#### Prompt:
Reproduce word for word, from the entries below, the line with "Your response must be concise. -2.27.", the line with "Offer a very short reply. -4.87.", and every line between them, and nothing more.

#### Records provided:
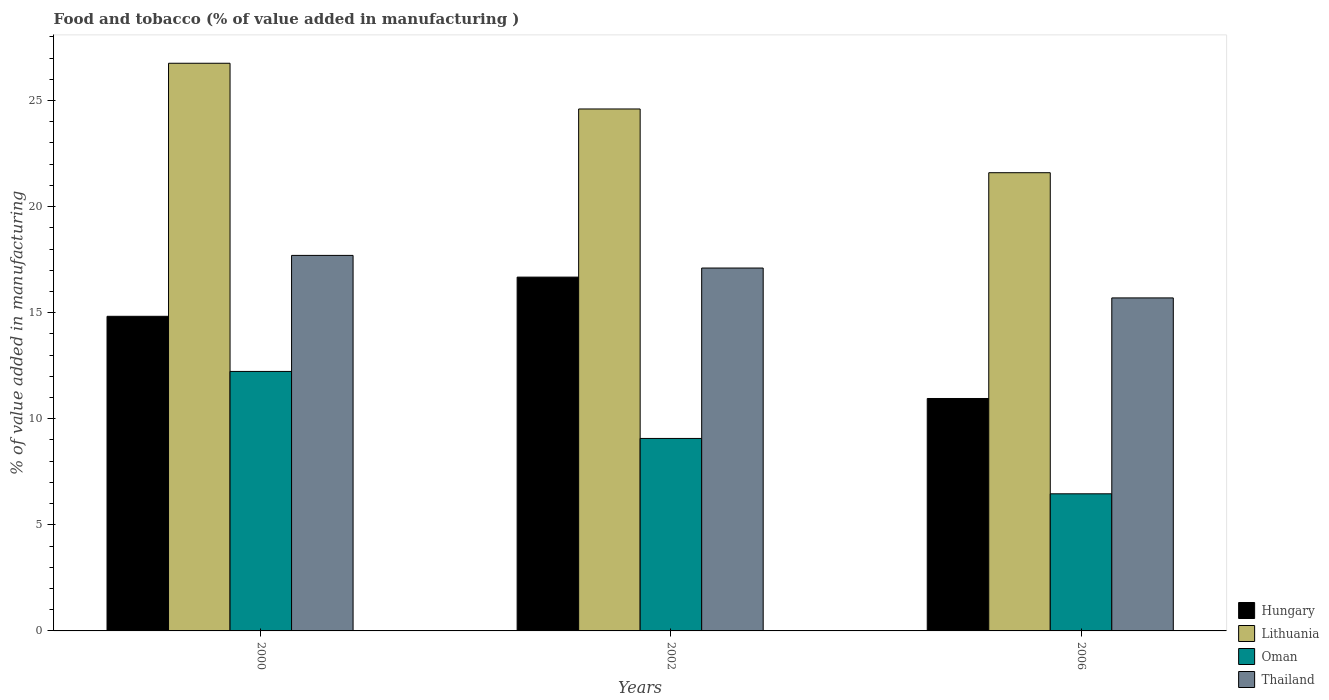How many different coloured bars are there?
Your answer should be compact. 4. How many groups of bars are there?
Offer a very short reply. 3. Are the number of bars per tick equal to the number of legend labels?
Your answer should be compact. Yes. How many bars are there on the 1st tick from the right?
Provide a short and direct response. 4. What is the value added in manufacturing food and tobacco in Thailand in 2000?
Provide a succinct answer. 17.7. Across all years, what is the maximum value added in manufacturing food and tobacco in Thailand?
Your answer should be compact. 17.7. Across all years, what is the minimum value added in manufacturing food and tobacco in Oman?
Your answer should be compact. 6.46. In which year was the value added in manufacturing food and tobacco in Lithuania maximum?
Provide a succinct answer. 2000. In which year was the value added in manufacturing food and tobacco in Lithuania minimum?
Ensure brevity in your answer.  2006. What is the total value added in manufacturing food and tobacco in Lithuania in the graph?
Make the answer very short. 72.95. What is the difference between the value added in manufacturing food and tobacco in Lithuania in 2002 and that in 2006?
Provide a short and direct response. 3. What is the difference between the value added in manufacturing food and tobacco in Oman in 2000 and the value added in manufacturing food and tobacco in Thailand in 2002?
Give a very brief answer. -4.87. What is the average value added in manufacturing food and tobacco in Hungary per year?
Keep it short and to the point. 14.15. In the year 2006, what is the difference between the value added in manufacturing food and tobacco in Thailand and value added in manufacturing food and tobacco in Lithuania?
Give a very brief answer. -5.9. What is the ratio of the value added in manufacturing food and tobacco in Thailand in 2000 to that in 2002?
Ensure brevity in your answer.  1.03. Is the value added in manufacturing food and tobacco in Oman in 2000 less than that in 2002?
Offer a very short reply. No. Is the difference between the value added in manufacturing food and tobacco in Thailand in 2000 and 2006 greater than the difference between the value added in manufacturing food and tobacco in Lithuania in 2000 and 2006?
Give a very brief answer. No. What is the difference between the highest and the second highest value added in manufacturing food and tobacco in Thailand?
Give a very brief answer. 0.6. What is the difference between the highest and the lowest value added in manufacturing food and tobacco in Hungary?
Offer a terse response. 5.72. In how many years, is the value added in manufacturing food and tobacco in Thailand greater than the average value added in manufacturing food and tobacco in Thailand taken over all years?
Give a very brief answer. 2. Is it the case that in every year, the sum of the value added in manufacturing food and tobacco in Hungary and value added in manufacturing food and tobacco in Thailand is greater than the sum of value added in manufacturing food and tobacco in Oman and value added in manufacturing food and tobacco in Lithuania?
Provide a short and direct response. No. What does the 2nd bar from the left in 2006 represents?
Provide a short and direct response. Lithuania. What does the 2nd bar from the right in 2002 represents?
Ensure brevity in your answer.  Oman. How many bars are there?
Make the answer very short. 12. Are all the bars in the graph horizontal?
Provide a succinct answer. No. How many years are there in the graph?
Make the answer very short. 3. Are the values on the major ticks of Y-axis written in scientific E-notation?
Make the answer very short. No. Does the graph contain any zero values?
Your response must be concise. No. Does the graph contain grids?
Your response must be concise. No. Where does the legend appear in the graph?
Your answer should be very brief. Bottom right. How are the legend labels stacked?
Offer a terse response. Vertical. What is the title of the graph?
Provide a succinct answer. Food and tobacco (% of value added in manufacturing ). What is the label or title of the Y-axis?
Your answer should be compact. % of value added in manufacturing. What is the % of value added in manufacturing of Hungary in 2000?
Give a very brief answer. 14.83. What is the % of value added in manufacturing in Lithuania in 2000?
Provide a short and direct response. 26.76. What is the % of value added in manufacturing of Oman in 2000?
Provide a succinct answer. 12.23. What is the % of value added in manufacturing in Thailand in 2000?
Provide a succinct answer. 17.7. What is the % of value added in manufacturing in Hungary in 2002?
Provide a succinct answer. 16.68. What is the % of value added in manufacturing of Lithuania in 2002?
Give a very brief answer. 24.6. What is the % of value added in manufacturing in Oman in 2002?
Give a very brief answer. 9.07. What is the % of value added in manufacturing in Thailand in 2002?
Provide a succinct answer. 17.1. What is the % of value added in manufacturing in Hungary in 2006?
Provide a short and direct response. 10.96. What is the % of value added in manufacturing of Lithuania in 2006?
Offer a very short reply. 21.6. What is the % of value added in manufacturing of Oman in 2006?
Keep it short and to the point. 6.46. What is the % of value added in manufacturing of Thailand in 2006?
Your response must be concise. 15.7. Across all years, what is the maximum % of value added in manufacturing in Hungary?
Offer a very short reply. 16.68. Across all years, what is the maximum % of value added in manufacturing in Lithuania?
Your answer should be compact. 26.76. Across all years, what is the maximum % of value added in manufacturing in Oman?
Offer a terse response. 12.23. Across all years, what is the maximum % of value added in manufacturing in Thailand?
Offer a terse response. 17.7. Across all years, what is the minimum % of value added in manufacturing of Hungary?
Keep it short and to the point. 10.96. Across all years, what is the minimum % of value added in manufacturing in Lithuania?
Your answer should be very brief. 21.6. Across all years, what is the minimum % of value added in manufacturing in Oman?
Your answer should be compact. 6.46. Across all years, what is the minimum % of value added in manufacturing of Thailand?
Provide a succinct answer. 15.7. What is the total % of value added in manufacturing of Hungary in the graph?
Make the answer very short. 42.46. What is the total % of value added in manufacturing in Lithuania in the graph?
Keep it short and to the point. 72.95. What is the total % of value added in manufacturing in Oman in the graph?
Your response must be concise. 27.76. What is the total % of value added in manufacturing in Thailand in the graph?
Your answer should be very brief. 50.5. What is the difference between the % of value added in manufacturing in Hungary in 2000 and that in 2002?
Offer a very short reply. -1.85. What is the difference between the % of value added in manufacturing in Lithuania in 2000 and that in 2002?
Offer a terse response. 2.15. What is the difference between the % of value added in manufacturing of Oman in 2000 and that in 2002?
Provide a short and direct response. 3.16. What is the difference between the % of value added in manufacturing of Thailand in 2000 and that in 2002?
Make the answer very short. 0.6. What is the difference between the % of value added in manufacturing in Hungary in 2000 and that in 2006?
Offer a terse response. 3.87. What is the difference between the % of value added in manufacturing in Lithuania in 2000 and that in 2006?
Offer a terse response. 5.16. What is the difference between the % of value added in manufacturing in Oman in 2000 and that in 2006?
Provide a short and direct response. 5.77. What is the difference between the % of value added in manufacturing of Thailand in 2000 and that in 2006?
Provide a short and direct response. 2. What is the difference between the % of value added in manufacturing in Hungary in 2002 and that in 2006?
Make the answer very short. 5.72. What is the difference between the % of value added in manufacturing in Lithuania in 2002 and that in 2006?
Offer a very short reply. 3. What is the difference between the % of value added in manufacturing in Oman in 2002 and that in 2006?
Your response must be concise. 2.61. What is the difference between the % of value added in manufacturing of Thailand in 2002 and that in 2006?
Make the answer very short. 1.41. What is the difference between the % of value added in manufacturing of Hungary in 2000 and the % of value added in manufacturing of Lithuania in 2002?
Keep it short and to the point. -9.77. What is the difference between the % of value added in manufacturing of Hungary in 2000 and the % of value added in manufacturing of Oman in 2002?
Your response must be concise. 5.76. What is the difference between the % of value added in manufacturing of Hungary in 2000 and the % of value added in manufacturing of Thailand in 2002?
Your response must be concise. -2.27. What is the difference between the % of value added in manufacturing in Lithuania in 2000 and the % of value added in manufacturing in Oman in 2002?
Your answer should be compact. 17.68. What is the difference between the % of value added in manufacturing of Lithuania in 2000 and the % of value added in manufacturing of Thailand in 2002?
Your answer should be very brief. 9.65. What is the difference between the % of value added in manufacturing in Oman in 2000 and the % of value added in manufacturing in Thailand in 2002?
Offer a very short reply. -4.87. What is the difference between the % of value added in manufacturing in Hungary in 2000 and the % of value added in manufacturing in Lithuania in 2006?
Your response must be concise. -6.77. What is the difference between the % of value added in manufacturing of Hungary in 2000 and the % of value added in manufacturing of Oman in 2006?
Ensure brevity in your answer.  8.37. What is the difference between the % of value added in manufacturing of Hungary in 2000 and the % of value added in manufacturing of Thailand in 2006?
Your answer should be compact. -0.87. What is the difference between the % of value added in manufacturing of Lithuania in 2000 and the % of value added in manufacturing of Oman in 2006?
Offer a very short reply. 20.29. What is the difference between the % of value added in manufacturing of Lithuania in 2000 and the % of value added in manufacturing of Thailand in 2006?
Ensure brevity in your answer.  11.06. What is the difference between the % of value added in manufacturing in Oman in 2000 and the % of value added in manufacturing in Thailand in 2006?
Your answer should be compact. -3.47. What is the difference between the % of value added in manufacturing of Hungary in 2002 and the % of value added in manufacturing of Lithuania in 2006?
Make the answer very short. -4.92. What is the difference between the % of value added in manufacturing of Hungary in 2002 and the % of value added in manufacturing of Oman in 2006?
Offer a terse response. 10.21. What is the difference between the % of value added in manufacturing in Hungary in 2002 and the % of value added in manufacturing in Thailand in 2006?
Provide a short and direct response. 0.98. What is the difference between the % of value added in manufacturing of Lithuania in 2002 and the % of value added in manufacturing of Oman in 2006?
Offer a terse response. 18.14. What is the difference between the % of value added in manufacturing of Lithuania in 2002 and the % of value added in manufacturing of Thailand in 2006?
Keep it short and to the point. 8.9. What is the difference between the % of value added in manufacturing in Oman in 2002 and the % of value added in manufacturing in Thailand in 2006?
Give a very brief answer. -6.62. What is the average % of value added in manufacturing of Hungary per year?
Provide a short and direct response. 14.15. What is the average % of value added in manufacturing of Lithuania per year?
Give a very brief answer. 24.32. What is the average % of value added in manufacturing in Oman per year?
Give a very brief answer. 9.25. What is the average % of value added in manufacturing in Thailand per year?
Keep it short and to the point. 16.83. In the year 2000, what is the difference between the % of value added in manufacturing in Hungary and % of value added in manufacturing in Lithuania?
Your response must be concise. -11.93. In the year 2000, what is the difference between the % of value added in manufacturing of Hungary and % of value added in manufacturing of Oman?
Your answer should be very brief. 2.6. In the year 2000, what is the difference between the % of value added in manufacturing in Hungary and % of value added in manufacturing in Thailand?
Give a very brief answer. -2.87. In the year 2000, what is the difference between the % of value added in manufacturing in Lithuania and % of value added in manufacturing in Oman?
Provide a short and direct response. 14.52. In the year 2000, what is the difference between the % of value added in manufacturing in Lithuania and % of value added in manufacturing in Thailand?
Your response must be concise. 9.06. In the year 2000, what is the difference between the % of value added in manufacturing in Oman and % of value added in manufacturing in Thailand?
Offer a very short reply. -5.47. In the year 2002, what is the difference between the % of value added in manufacturing of Hungary and % of value added in manufacturing of Lithuania?
Your answer should be compact. -7.92. In the year 2002, what is the difference between the % of value added in manufacturing in Hungary and % of value added in manufacturing in Oman?
Keep it short and to the point. 7.6. In the year 2002, what is the difference between the % of value added in manufacturing in Hungary and % of value added in manufacturing in Thailand?
Your answer should be compact. -0.43. In the year 2002, what is the difference between the % of value added in manufacturing in Lithuania and % of value added in manufacturing in Oman?
Give a very brief answer. 15.53. In the year 2002, what is the difference between the % of value added in manufacturing in Lithuania and % of value added in manufacturing in Thailand?
Offer a very short reply. 7.5. In the year 2002, what is the difference between the % of value added in manufacturing of Oman and % of value added in manufacturing of Thailand?
Make the answer very short. -8.03. In the year 2006, what is the difference between the % of value added in manufacturing of Hungary and % of value added in manufacturing of Lithuania?
Offer a very short reply. -10.64. In the year 2006, what is the difference between the % of value added in manufacturing in Hungary and % of value added in manufacturing in Oman?
Your answer should be compact. 4.49. In the year 2006, what is the difference between the % of value added in manufacturing of Hungary and % of value added in manufacturing of Thailand?
Offer a terse response. -4.74. In the year 2006, what is the difference between the % of value added in manufacturing of Lithuania and % of value added in manufacturing of Oman?
Your answer should be very brief. 15.13. In the year 2006, what is the difference between the % of value added in manufacturing of Lithuania and % of value added in manufacturing of Thailand?
Your answer should be compact. 5.9. In the year 2006, what is the difference between the % of value added in manufacturing in Oman and % of value added in manufacturing in Thailand?
Your response must be concise. -9.23. What is the ratio of the % of value added in manufacturing in Hungary in 2000 to that in 2002?
Make the answer very short. 0.89. What is the ratio of the % of value added in manufacturing in Lithuania in 2000 to that in 2002?
Ensure brevity in your answer.  1.09. What is the ratio of the % of value added in manufacturing of Oman in 2000 to that in 2002?
Make the answer very short. 1.35. What is the ratio of the % of value added in manufacturing in Thailand in 2000 to that in 2002?
Your answer should be compact. 1.03. What is the ratio of the % of value added in manufacturing of Hungary in 2000 to that in 2006?
Your answer should be very brief. 1.35. What is the ratio of the % of value added in manufacturing of Lithuania in 2000 to that in 2006?
Provide a short and direct response. 1.24. What is the ratio of the % of value added in manufacturing of Oman in 2000 to that in 2006?
Your response must be concise. 1.89. What is the ratio of the % of value added in manufacturing of Thailand in 2000 to that in 2006?
Offer a very short reply. 1.13. What is the ratio of the % of value added in manufacturing of Hungary in 2002 to that in 2006?
Your answer should be compact. 1.52. What is the ratio of the % of value added in manufacturing of Lithuania in 2002 to that in 2006?
Offer a terse response. 1.14. What is the ratio of the % of value added in manufacturing in Oman in 2002 to that in 2006?
Provide a succinct answer. 1.4. What is the ratio of the % of value added in manufacturing in Thailand in 2002 to that in 2006?
Provide a short and direct response. 1.09. What is the difference between the highest and the second highest % of value added in manufacturing in Hungary?
Provide a short and direct response. 1.85. What is the difference between the highest and the second highest % of value added in manufacturing in Lithuania?
Provide a short and direct response. 2.15. What is the difference between the highest and the second highest % of value added in manufacturing in Oman?
Provide a succinct answer. 3.16. What is the difference between the highest and the second highest % of value added in manufacturing of Thailand?
Provide a succinct answer. 0.6. What is the difference between the highest and the lowest % of value added in manufacturing in Hungary?
Provide a succinct answer. 5.72. What is the difference between the highest and the lowest % of value added in manufacturing of Lithuania?
Make the answer very short. 5.16. What is the difference between the highest and the lowest % of value added in manufacturing in Oman?
Provide a short and direct response. 5.77. What is the difference between the highest and the lowest % of value added in manufacturing of Thailand?
Provide a short and direct response. 2.

#### Your solution:
Your response must be concise. -2.27. What is the difference between the % of value added in manufacturing in Lithuania in 2000 and the % of value added in manufacturing in Oman in 2002?
Your answer should be compact. 17.68. What is the difference between the % of value added in manufacturing of Lithuania in 2000 and the % of value added in manufacturing of Thailand in 2002?
Your answer should be very brief. 9.65. What is the difference between the % of value added in manufacturing in Oman in 2000 and the % of value added in manufacturing in Thailand in 2002?
Offer a very short reply. -4.87. What is the difference between the % of value added in manufacturing in Hungary in 2000 and the % of value added in manufacturing in Lithuania in 2006?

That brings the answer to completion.